Work instructions:
The response must be made up of the lines in the entries below that contain "object".
Records supplied below:
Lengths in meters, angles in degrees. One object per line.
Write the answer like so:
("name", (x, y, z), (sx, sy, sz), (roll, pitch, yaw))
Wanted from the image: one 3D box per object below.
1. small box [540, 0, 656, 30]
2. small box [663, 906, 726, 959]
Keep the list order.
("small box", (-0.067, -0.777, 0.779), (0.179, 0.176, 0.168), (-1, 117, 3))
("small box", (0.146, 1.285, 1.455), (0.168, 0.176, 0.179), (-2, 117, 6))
End of Records supplied.
Records supplied below:
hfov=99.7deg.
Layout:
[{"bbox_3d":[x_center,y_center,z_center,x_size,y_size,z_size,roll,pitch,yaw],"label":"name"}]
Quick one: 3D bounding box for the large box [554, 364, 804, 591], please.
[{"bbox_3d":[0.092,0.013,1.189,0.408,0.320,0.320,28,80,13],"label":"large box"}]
End of Records supplied.
Exercise answer:
Lengths in meters, angles in degrees. One object per line.
Wanted from the image: one 3D box per object below.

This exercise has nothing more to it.